In a word, Ippolit Kirillovich, though very much carried away, still ended on a note of pathos—and, indeed, the impression he produced was extraordinary. He himself, having finished his speech, left hastily and, I repeat, nearly fainted in the next room. The courtroom did not applaud, but serious people were pleased. And if the ladies were not so pleased, they still admired such eloquence, the more so as they were notât all fearful of the consequences and waited for everything from Fetyukovich: “He will finally speak and, of course, overcome them all!” Everyone kept glancing at Mitya; he sat silently throughout the prosecutor’s speech, clenching his fists, gritting his teeth, looking down. Only from time to time did he raise his head and listen. Especially when there was mention of Grushenka. When the prosecutor quoted Rakitin’s opinion of her, a contemptuous and spiteful smile appeared on his face, and he said quite audibly: “Bernards!” When Ippolit Kirillovich told about interrogating him and tormenting him in Mokroye, Mitya raised his head and listened with terrible curiosity. At one point in the speech he even seemed about to jump up and shout something; he controlled himself, however, and merely shrugged his shoulders contemptuously. About this finale of the speech—namely, to do with the prosecutor’s feats in Mokroye during the interrogation of the criminal—there was talk later among our society, and Ippolit Kirillovich was made fun of: “The man couldn’t help boasting of his abilities,” they said. The session was interrupted, but for a very short time, a quarter of an hour, twenty minutes at the most. There were exchanges and exclamations among the public. I recall some of them:

“A serious speech!” a gentleman in one group observed, frowning.

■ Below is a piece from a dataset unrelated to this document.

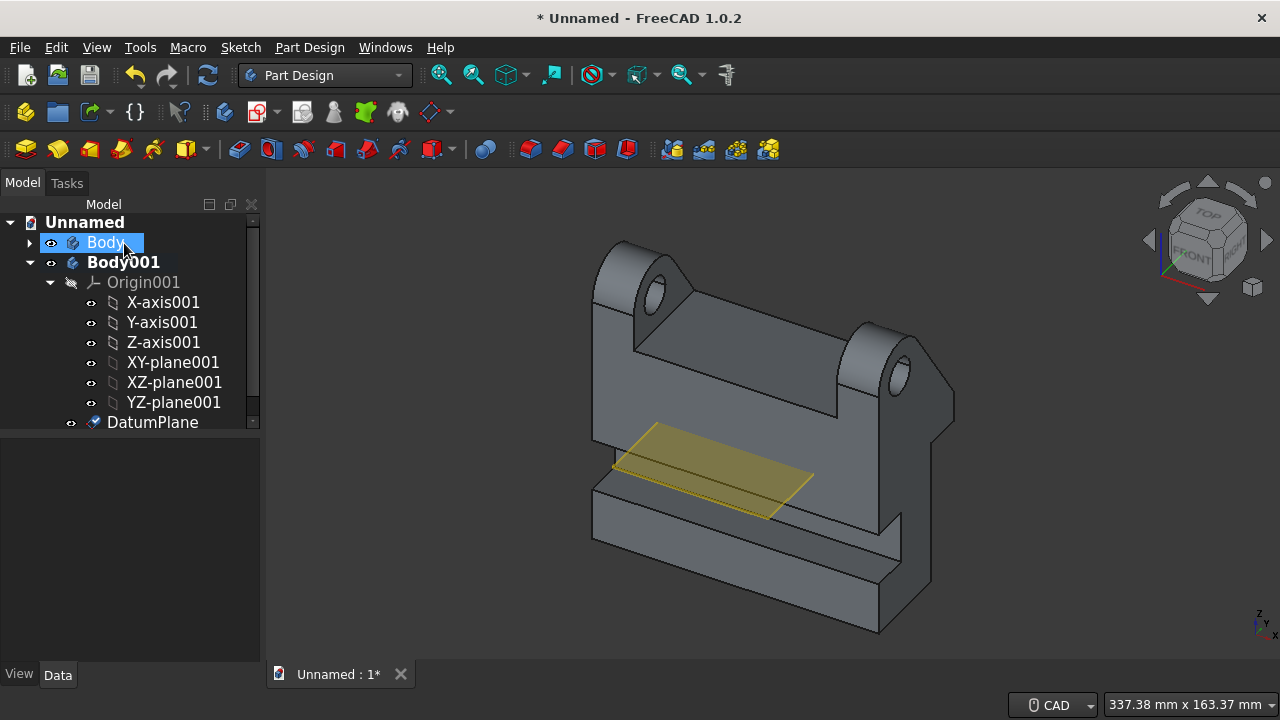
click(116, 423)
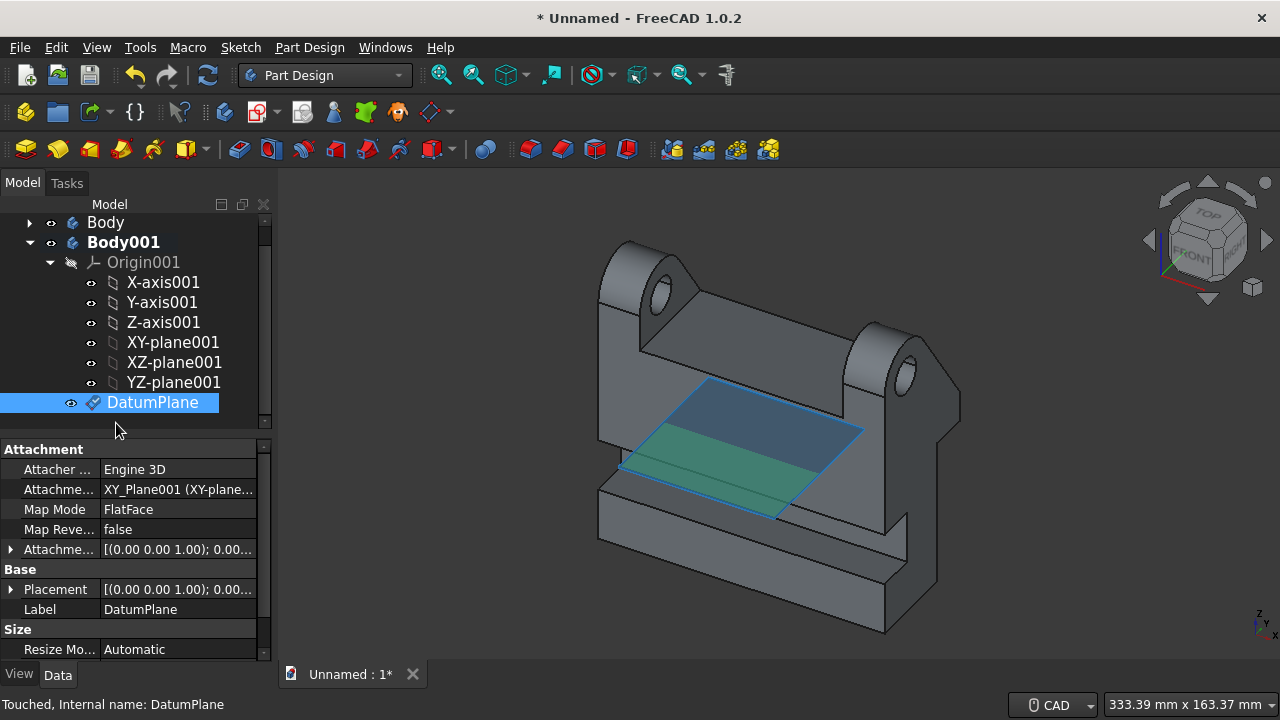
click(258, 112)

“Too wrapped up in psychology,” another voice was heard.

“Yes, but all true, irrefutably true!”

“Yes, he’s a master of it.”

“Summed it all up.”

“Us, too, he summed us up, too,” a third voice joined in, “at the start of the speech, remember, that we’re all the same as Fyodor Pavlovich?”

“And at the end, too. But that was all rubbish.”

“There were some vague spots.”

“Got a bit carried away. “

“Unjust, unjust, sir.”

“No, but anyway it was clever. The man waited for a long time, and finally he said it, heh, heh!”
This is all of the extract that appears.